| To do |
Your copy should match the records exactly, apart from the pictures, which stay out.

| Dataset entries |

□ □ □ □ □

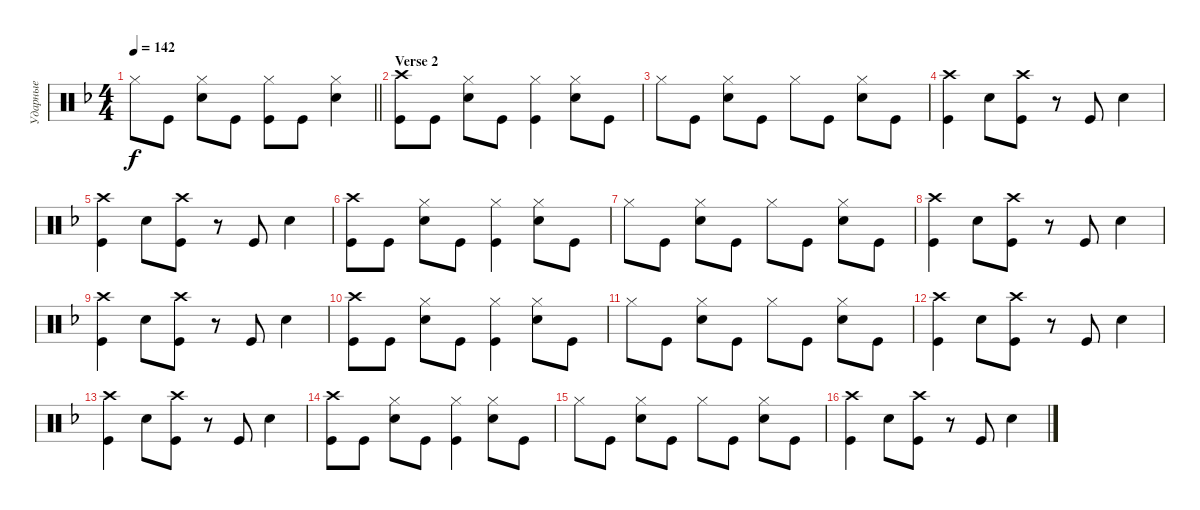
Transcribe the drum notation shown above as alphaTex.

\track ("Ударные" "Ударные") {instrument percussion}
\staff {score}
\articulation defaults
\ts (4 4)
\tempo 142
\clef neutral
\barLineRight lightlight
\ks dminor "Hi-Hat (closed)".8{dy f} "Kick (hit)".8
("Snare (hit) 2" "Hi-Hat (closed)").8 "Kick (hit)".8 ("Kick (hit)" "Hi-Hat (closed)").8 "Kick (hit)".8 ("Snare (hit) 2" "Hi-Hat (closed)").4 |
\section ("" "Verse 2")
("Kick (hit)" "Crash high (hit)").8 "Kick (hit)".8 ("Snare (hit) 2" "Hi-Hat (closed)").8 "Kick (hit)".8 ("Kick (hit)" "Hi-Hat (closed)").4 ("Snare (hit) 2" "Hi-Hat (closed)").8 "Kick (hit)".8 |
"Hi-Hat (closed)".8 "Kick (hit)".8 ("Snare (hit) 2" "Hi-Hat (closed)").8 "Kick (hit)".8 "Hi-Hat (closed)".8 "Kick (hit)".8 ("Snare (hit) 2" "Hi-Hat (closed)").8 "Kick (hit)".8 |
("Kick (hit)" "Crash high (hit)").4 "Snare (hit) 2".8 ("Kick (hit)" "Crash high (hit)").8 r.8 "Kick (hit)".8 "Snare (hit) 2".4 |
("Kick (hit)" "Crash high (hit)").4 "Snare (hit) 2".8 ("Kick (hit)" "Crash high (hit)").8 r.8 "Kick (hit)".8 "Snare (hit) 2".4 |
("Kick (hit)" "Crash high (hit)").8 "Kick (hit)".8 ("Snare (hit) 2" "Hi-Hat (closed)").8 "Kick (hit)".8 ("Kick (hit)" "Hi-Hat (closed)").4 ("Snare (hit) 2" "Hi-Hat (closed)").8 "Kick (hit)".8 |
"Hi-Hat (closed)".8 "Kick (hit)".8 ("Snare (hit) 2" "Hi-Hat (closed)").8 "Kick (hit)".8 "Hi-Hat (closed)".8 "Kick (hit)".8 ("Snare (hit) 2" "Hi-Hat (closed)").8 "Kick (hit)".8 |
("Kick (hit)" "Crash high (hit)").4 "Snare (hit) 2".8 ("Kick (hit)" "Crash high (hit)").8 r.8 "Kick (hit)".8 "Snare (hit) 2".4 |
("Kick (hit)" "Crash high (hit)").4 "Snare (hit) 2".8 ("Kick (hit)" "Crash high (hit)").8 r.8 "Kick (hit)".8 "Snare (hit) 2".4 |
("Kick (hit)" "Crash high (hit)").8 "Kick (hit)".8 ("Snare (hit) 2" "Hi-Hat (closed)").8 "Kick (hit)".8 ("Kick (hit)" "Hi-Hat (closed)").4 ("Snare (hit) 2" "Hi-Hat (closed)").8 "Kick (hit)".8 |
"Hi-Hat (closed)".8 "Kick (hit)".8 ("Snare (hit) 2" "Hi-Hat (closed)").8 "Kick (hit)".8 "Hi-Hat (closed)".8 "Kick (hit)".8 ("Snare (hit) 2" "Hi-Hat (closed)").8 "Kick (hit)".8 |
("Kick (hit)" "Crash high (hit)").4 "Snare (hit) 2".8 ("Kick (hit)" "Crash high (hit)").8 r.8 "Kick (hit)".8 "Snare (hit) 2".4 |
("Kick (hit)" "Crash high (hit)").4 "Snare (hit) 2".8 ("Kick (hit)" "Crash high (hit)").8 r.8 "Kick (hit)".8 "Snare (hit) 2".4 |
("Kick (hit)" "Crash high (hit)").8 "Kick (hit)".8 ("Snare (hit) 2" "Hi-Hat (closed)").8 "Kick (hit)".8 ("Kick (hit)" "Hi-Hat (closed)").4 ("Snare (hit) 2" "Hi-Hat (closed)").8 "Kick (hit)".8 |
"Hi-Hat (closed)".8 "Kick (hit)".8 ("Snare (hit) 2" "Hi-Hat (closed)").8 "Kick (hit)".8 "Hi-Hat (closed)".8 "Kick (hit)".8 ("Snare (hit) 2" "Hi-Hat (closed)").8 "Kick (hit)".8 |
("Kick (hit)" "Crash high (hit)").4 "Snare (hit) 2".8 ("Kick (hit)" "Crash high (hit)").8 r.8 "Kick (hit)".8 "Snare (hit) 2".4

□ □ □ □ □

| Output for this task |
Transcribe the drum notation shown above as alphaTex.

\track ("Ударные" "Ударные") {instrument percussion}
\staff {score}
\articulation defaults
\ts (4 4)
\tempo 142
\clef neutral
\barLineRight lightlight
\ks dminor "Hi-Hat (closed)".8{dy f} "Kick (hit)".8
("Snare (hit) 2" "Hi-Hat (closed)").8 "Kick (hit)".8 ("Kick (hit)" "Hi-Hat (closed)").8 "Kick (hit)".8 ("Snare (hit) 2" "Hi-Hat (closed)").4 |
\section ("" "Verse 2")
("Kick (hit)" "Crash high (hit)").8 "Kick (hit)".8 ("Snare (hit) 2" "Hi-Hat (closed)").8 "Kick (hit)".8 ("Kick (hit)" "Hi-Hat (closed)").4 ("Snare (hit) 2" "Hi-Hat (closed)").8 "Kick (hit)".8 |
"Hi-Hat (closed)".8 "Kick (hit)".8 ("Snare (hit) 2" "Hi-Hat (closed)").8 "Kick (hit)".8 "Hi-Hat (closed)".8 "Kick (hit)".8 ("Snare (hit) 2" "Hi-Hat (closed)").8 "Kick (hit)".8 |
("Kick (hit)" "Crash high (hit)").4 "Snare (hit) 2".8 ("Kick (hit)" "Crash high (hit)").8 r.8 "Kick (hit)".8 "Snare (hit) 2".4 |
("Kick (hit)" "Crash high (hit)").4 "Snare (hit) 2".8 ("Kick (hit)" "Crash high (hit)").8 r.8 "Kick (hit)".8 "Snare (hit) 2".4 |
("Kick (hit)" "Crash high (hit)").8 "Kick (hit)".8 ("Snare (hit) 2" "Hi-Hat (closed)").8 "Kick (hit)".8 ("Kick (hit)" "Hi-Hat (closed)").4 ("Snare (hit) 2" "Hi-Hat (closed)").8 "Kick (hit)".8 |
"Hi-Hat (closed)".8 "Kick (hit)".8 ("Snare (hit) 2" "Hi-Hat (closed)").8 "Kick (hit)".8 "Hi-Hat (closed)".8 "Kick (hit)".8 ("Snare (hit) 2" "Hi-Hat (closed)").8 "Kick (hit)".8 |
("Kick (hit)" "Crash high (hit)").4 "Snare (hit) 2".8 ("Kick (hit)" "Crash high (hit)").8 r.8 "Kick (hit)".8 "Snare (hit) 2".4 |
("Kick (hit)" "Crash high (hit)").4 "Snare (hit) 2".8 ("Kick (hit)" "Crash high (hit)").8 r.8 "Kick (hit)".8 "Snare (hit) 2".4 |
("Kick (hit)" "Crash high (hit)").8 "Kick (hit)".8 ("Snare (hit) 2" "Hi-Hat (closed)").8 "Kick (hit)".8 ("Kick (hit)" "Hi-Hat (closed)").4 ("Snare (hit) 2" "Hi-Hat (closed)").8 "Kick (hit)".8 |
"Hi-Hat (closed)".8 "Kick (hit)".8 ("Snare (hit) 2" "Hi-Hat (closed)").8 "Kick (hit)".8 "Hi-Hat (closed)".8 "Kick (hit)".8 ("Snare (hit) 2" "Hi-Hat (closed)").8 "Kick (hit)".8 |
("Kick (hit)" "Crash high (hit)").4 "Snare (hit) 2".8 ("Kick (hit)" "Crash high (hit)").8 r.8 "Kick (hit)".8 "Snare (hit) 2".4 |
("Kick (hit)" "Crash high (hit)").4 "Snare (hit) 2".8 ("Kick (hit)" "Crash high (hit)").8 r.8 "Kick (hit)".8 "Snare (hit) 2".4 |
("Kick (hit)" "Crash high (hit)").8 "Kick (hit)".8 ("Snare (hit) 2" "Hi-Hat (closed)").8 "Kick (hit)".8 ("Kick (hit)" "Hi-Hat (closed)").4 ("Snare (hit) 2" "Hi-Hat (closed)").8 "Kick (hit)".8 |
"Hi-Hat (closed)".8 "Kick (hit)".8 ("Snare (hit) 2" "Hi-Hat (closed)").8 "Kick (hit)".8 "Hi-Hat (closed)".8 "Kick (hit)".8 ("Snare (hit) 2" "Hi-Hat (closed)").8 "Kick (hit)".8 |
("Kick (hit)" "Crash high (hit)").4 "Snare (hit) 2".8 ("Kick (hit)" "Crash high (hit)").8 r.8 "Kick (hit)".8 "Snare (hit) 2".4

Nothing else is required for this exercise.